### Problem details
Only the lines from the beginning of the material below through the line with "text Inhoud bezwaar- of" should be retyped exactly, and pictures are to be skipped.

====================

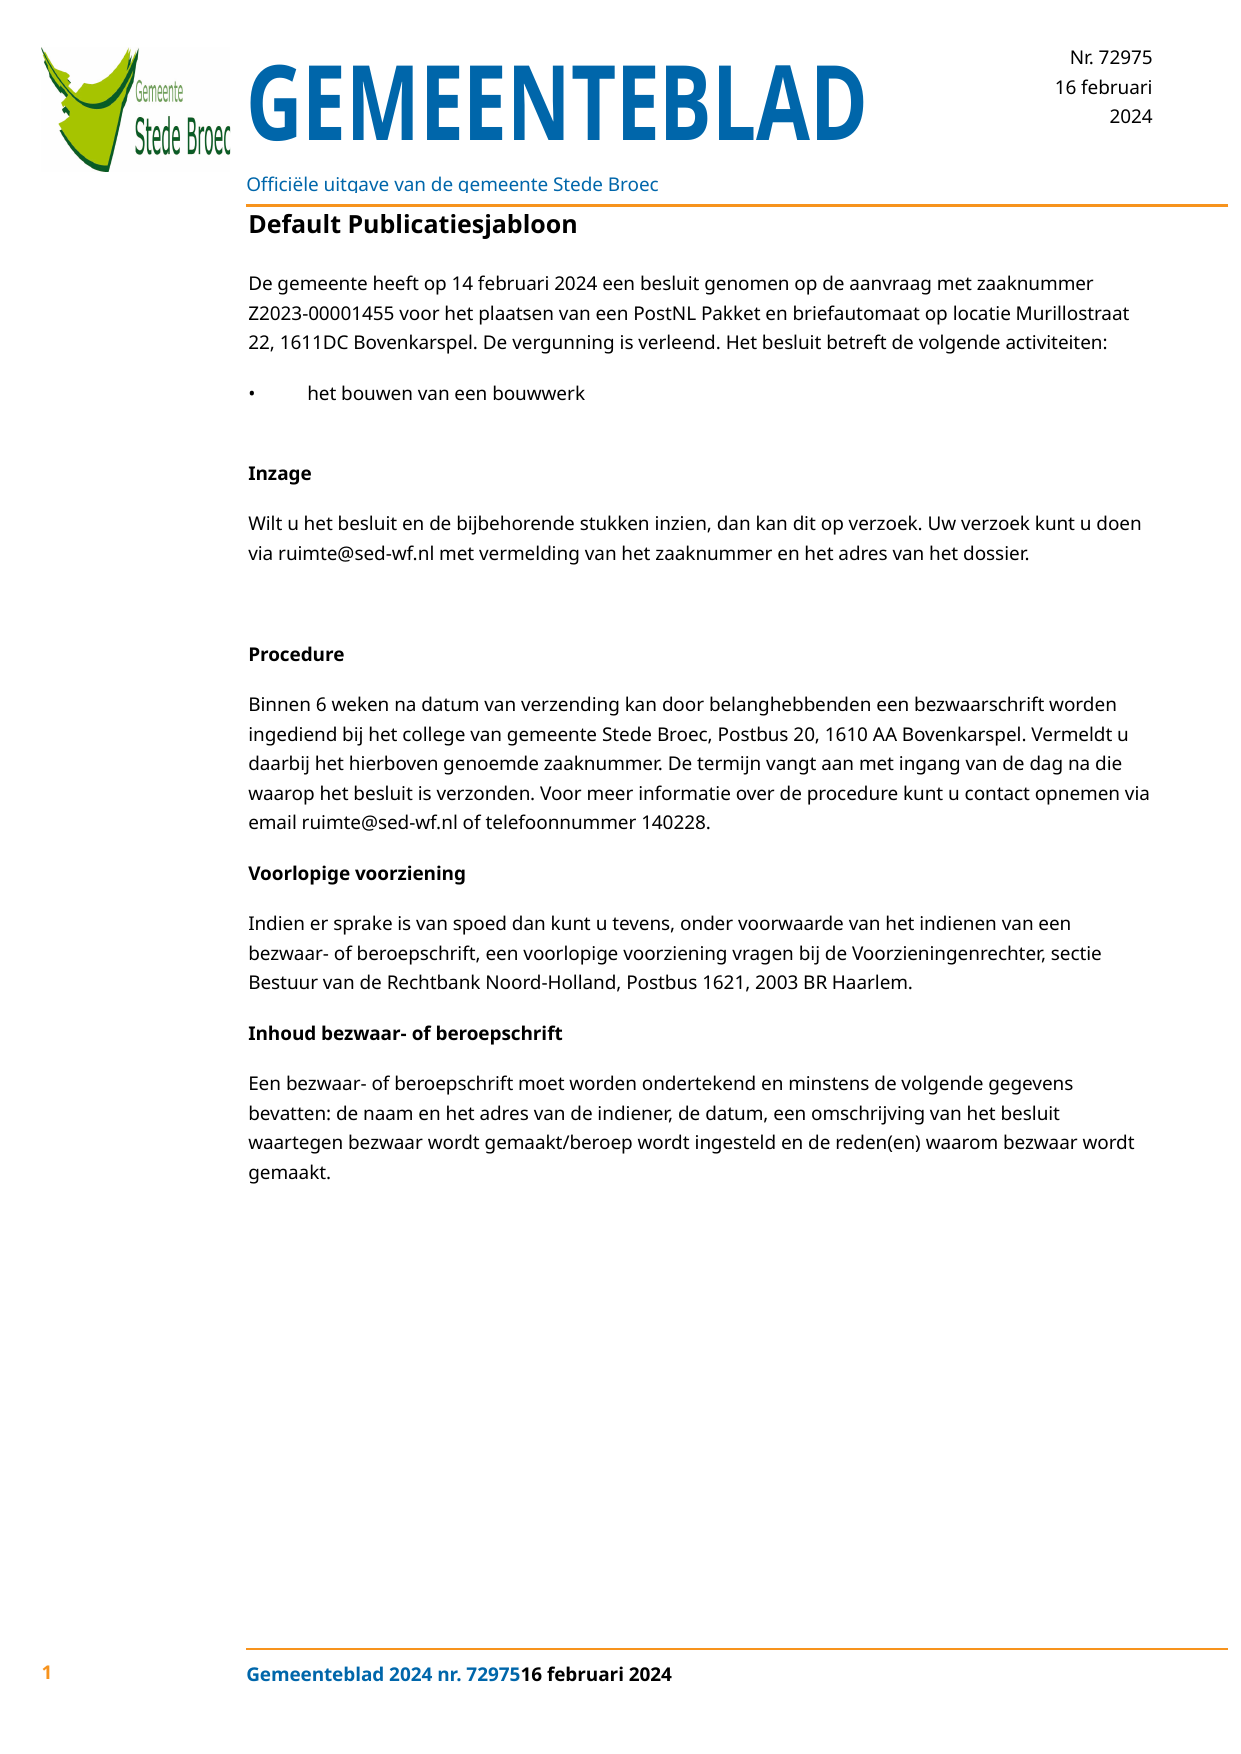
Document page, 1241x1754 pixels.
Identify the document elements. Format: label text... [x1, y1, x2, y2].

text Inhoud bezwaar- of beroepschrift [248, 1020, 1152, 1046]
text Wilt u het besluit en de bijbehorende stukken inzien, dan kan dit op verzoek. Uw verzoek kunt u doen via ruimte@sed-wf.nl met vermelding van het zaaknummer en het adres van het dossier. [248, 510, 1152, 566]
picture [41, 47, 231, 172]
text De gemeente heeft op 14 februari 2024 een besluit genomen op de aanvraag met zaaknummer Z2023-00001455 voor het plaatsen van een PostNL Pakket en briefautomaat op locatie Murillostraat 22, 1611DC Bovenkarspel. De vergunning is verleend. Het besluit betreft de volgende activiteiten: [248, 270, 1152, 355]
text Inzage [248, 460, 1152, 486]
list het bouwen van een bouwwerk [248, 380, 1152, 406]
text Procedure [248, 641, 1152, 666]
text Default Publicatiesjabloon [248, 207, 1152, 241]
text Indien er sprake is van spoed dan kunt u tevens, onder voorwaarde van het indienen van een bezwaar- of beroepschrift, een voorlopige voorziening vragen bij de Voorzieningenrechter, sectie Bestuur van de Rechtbank Noord-Holland, Postbus 1621, 2003 BR Haarlem. [248, 910, 1152, 995]
text Een bezwaar- of beroepschrift moet worden ondertekend en minstens de volgende gegevens bevatten: de naam en het adres van de indiener, de datum, een omschrijving van het besluit waartegen bezwaar wordt gemaakt/beroep wordt ingesteld en de reden(en) waarom bezwaar wordt gemaakt. [248, 1070, 1152, 1185]
text Binnen 6 weken na datum van verzending kan door belanghebbenden een bezwaarschrift worden ingediend bij het college van gemeente Stede Broec, Postbus 20, 1610 AA Bovenkarspel. Vermeldt u daarbij het hierboven genoemde zaaknummer. De termijn vangt aan met ingang van de dag na die waarop het besluit is verzonden. Voor meer informatie over de procedure kunt u contact opnemen via email ruimte@sed-wf.nl of telefoonnummer 140228. [248, 691, 1152, 835]
text Voorlopige voorziening [248, 860, 1152, 886]
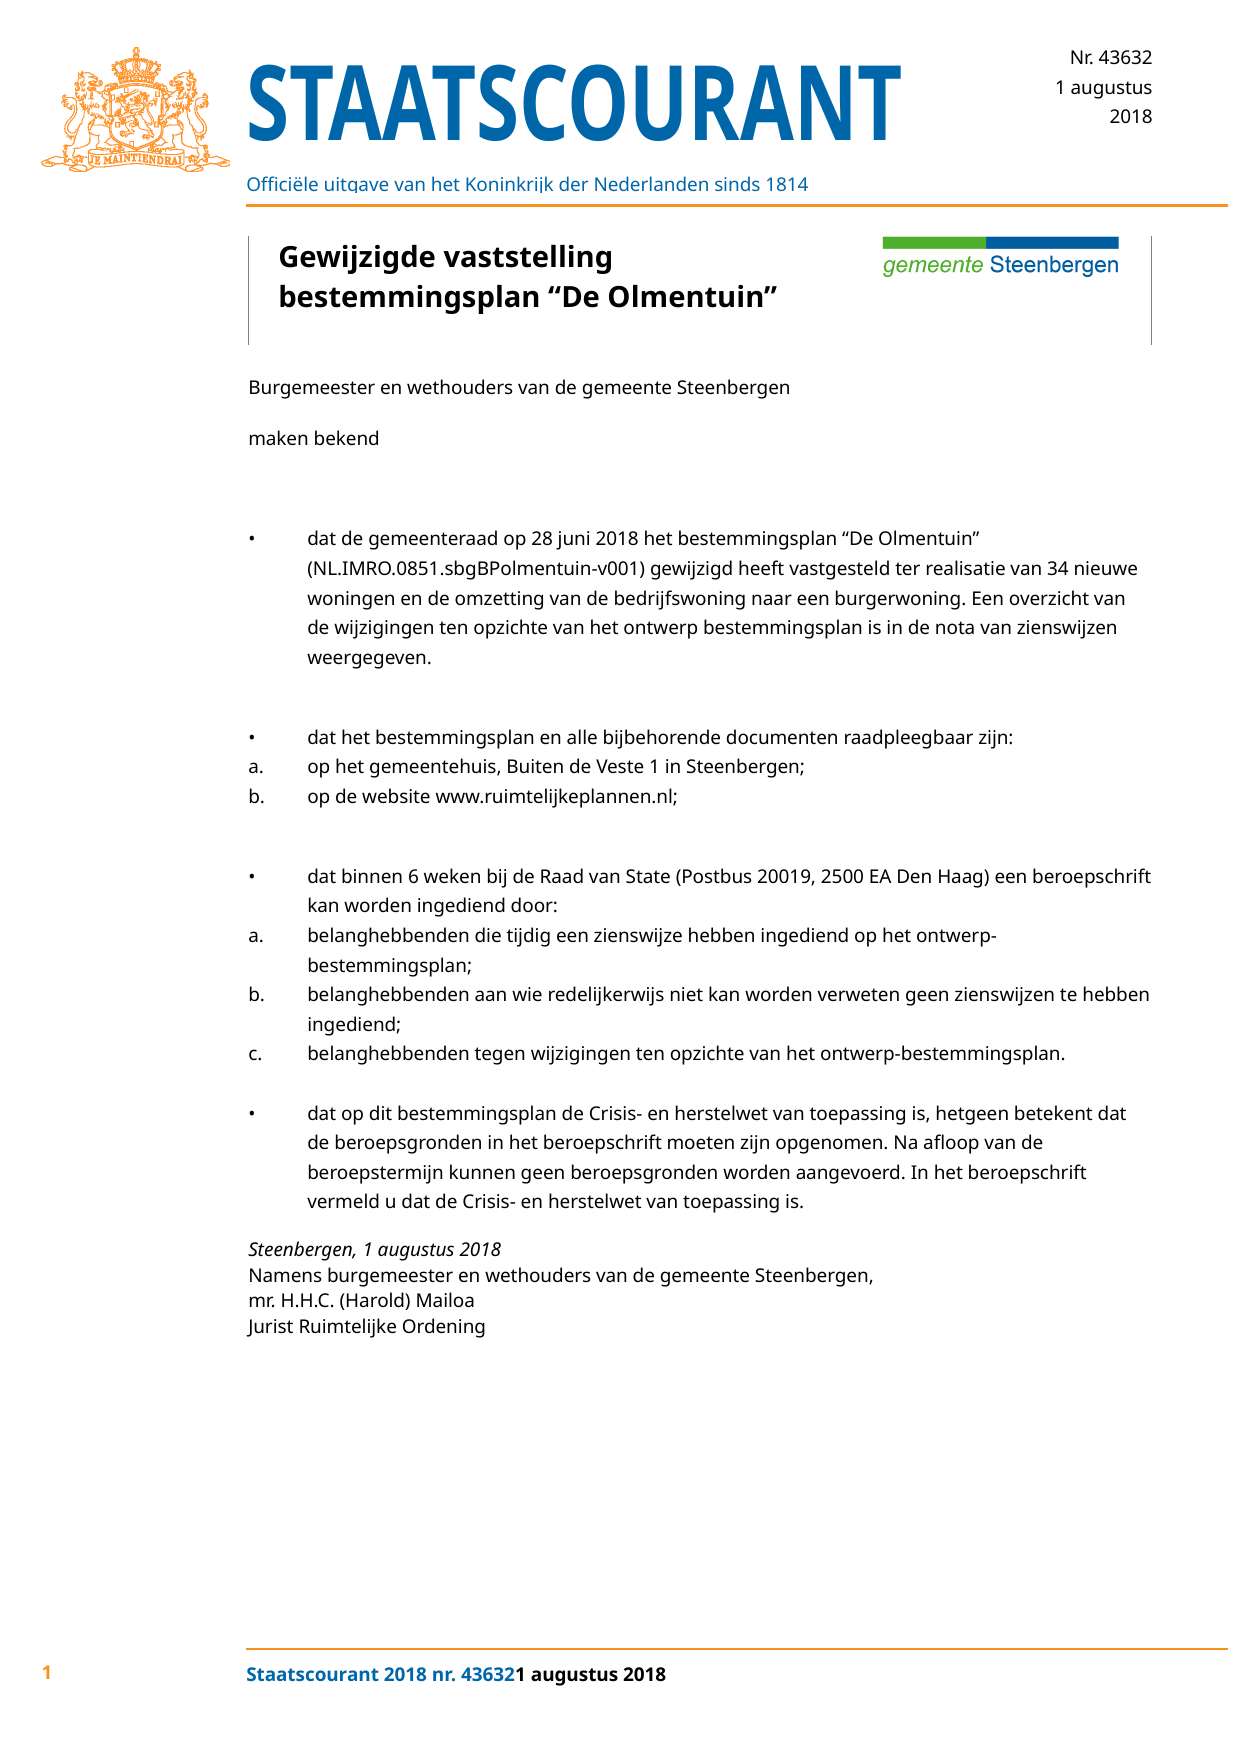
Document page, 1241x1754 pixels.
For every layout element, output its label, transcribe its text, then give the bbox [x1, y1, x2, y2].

list dat het bestemmingsplan en alle bijbehorende documenten raadpleegbaar zijn: [248, 724, 1152, 749]
text maken bekend [248, 425, 1152, 450]
list dat binnen 6 weken bij de Raad van State (Postbus 20019, 2500 EA Den Haag) een beroepschrift kan worden ingediend door: [248, 863, 1152, 918]
text Steenbergen, 1 augustus 2018 [248, 1236, 1152, 1262]
table_header [850, 236, 1151, 345]
list belanghebbenden die tijdig een zienswijze hebben ingediend op het ontwerp-bestemmingsplan; [248, 922, 1152, 977]
list belanghebbenden tegen wijzigingen ten opzichte van het ontwerp-bestemmingsplan. [248, 1041, 1152, 1066]
picture [882, 236, 1119, 278]
list belanghebbenden aan wie redelijkerwijs niet kan worden verweten geen zienswijzen te hebben ingediend; [248, 981, 1152, 1037]
table_header Gewijzigde vaststelling bestemmingsplan “De Olmentuin” [249, 236, 850, 345]
list op het gemeentehuis, Buiten de Veste 1 in Steenbergen; [248, 753, 1152, 779]
text mr. H.H.C. (Harold) Mailoa [248, 1288, 1152, 1313]
text Jurist Ruimtelijke Ordening [248, 1313, 1152, 1339]
text Burgemeester en wethouders van de gemeente Steenbergen [248, 374, 1152, 400]
text Namens burgemeester en wethouders van de gemeente Steenbergen, [248, 1262, 1152, 1288]
list dat de gemeenteraad op 28 juni 2018 het bestemmingsplan “De Olmentuin” (NL.IMRO.0851.sbgBPolmentuin-v001) gewijzigd heeft vastgesteld ter realisatie van 34 nieuwe woningen en de omzetting van de bedrijfswoning naar een burgerwoning. Een overzicht van de wijzigingen ten opzichte van het ontwerp bestemmingsplan is in de nota van zienswijzen weergegeven. [248, 526, 1152, 669]
picture [41, 47, 231, 172]
list op de website www.ruimtelijkeplannen.nl; [248, 783, 1152, 809]
list dat op dit bestemmingsplan de Crisis- en herstelwet van toepassing is, hetgeen betekent dat de beroepsgronden in het beroepschrift moeten zijn opgenomen. Na afloop van de beroepstermijn kunnen geen beroepsgronden worden aangevoerd. In het beroepschrift vermeld u dat de Crisis- en herstelwet van toepassing is. [248, 1100, 1152, 1214]
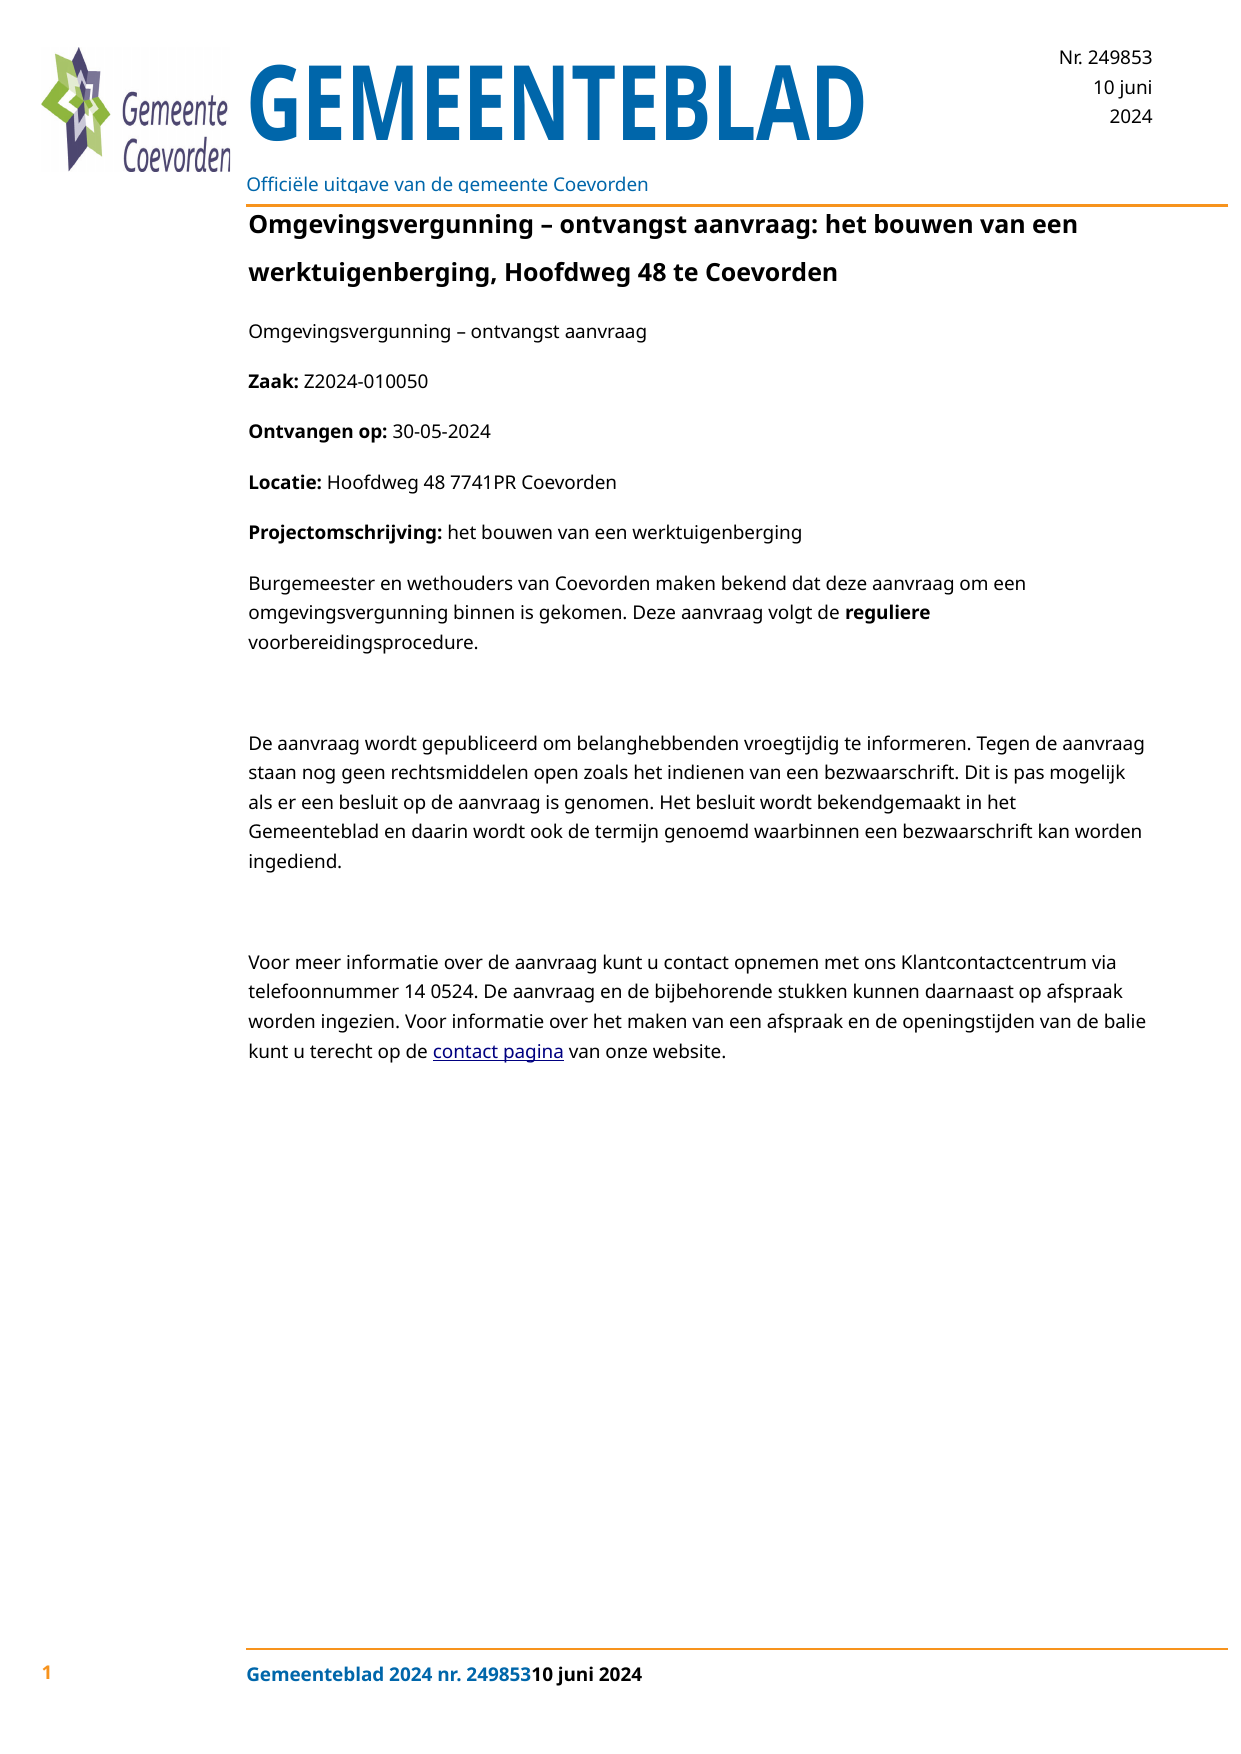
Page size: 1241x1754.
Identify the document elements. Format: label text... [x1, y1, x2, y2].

text Burgemeester en wethouders van Coevorden maken bekend dat deze aanvraag om een omgevingsvergunning binnen is gekomen. Deze aanvraag volgt de reguliere voorbereidingsprocedure. [248, 570, 1152, 655]
text Omgevingsvergunning – ontvangst aanvraag: het bouwen van een werktuigenberging, Hoofdweg 48 te Coevorden [248, 207, 1152, 288]
text Omgevingsvergunning – ontvangst aanvraag [248, 318, 1152, 344]
text Locatie: Hoofdweg 48 7741PR Coevorden [248, 469, 1152, 495]
text Projectomschrijving: het bouwen van een werktuigenberging [248, 519, 1152, 545]
text De aanvraag wordt gepubliceerd om belanghebbenden vroegtijdig te informeren. Tegen de aanvraag staan nog geen rechtsmiddelen open zoals het indienen van een bezwaarschrift. Dit is pas mogelijk als er een besluit op de aanvraag is genomen. Het besluit wordt bekendgemaakt in het Gemeenteblad en daarin wordt ook de termijn genoemd waarbinnen een bezwaarschrift kan worden ingediend. [248, 730, 1152, 874]
text Zaak: Z2024-010050 [248, 368, 1152, 394]
text Ontvangen op: 30-05-2024 [248, 419, 1152, 444]
picture [41, 47, 231, 172]
text Voor meer informatie over de aanvraag kunt u contact opnemen met ons Klantcontactcentrum via telefoonnummer 14 0524. De aanvraag en de bijbehorende stukken kunnen daarnaast op afspraak worden ingezien. Voor informatie over het maken van een afspraak en de openingstijden van de balie kunt u terecht op de contact pagina van onze website. [248, 949, 1152, 1064]

====================

### Answer box
Document page, 1241x1754 pixels.
Identify the document elements. Format: label text... [x1, y1, x2, y2].

text Inhoud bezwaar- of beroepschrift [248, 1020, 1152, 1046]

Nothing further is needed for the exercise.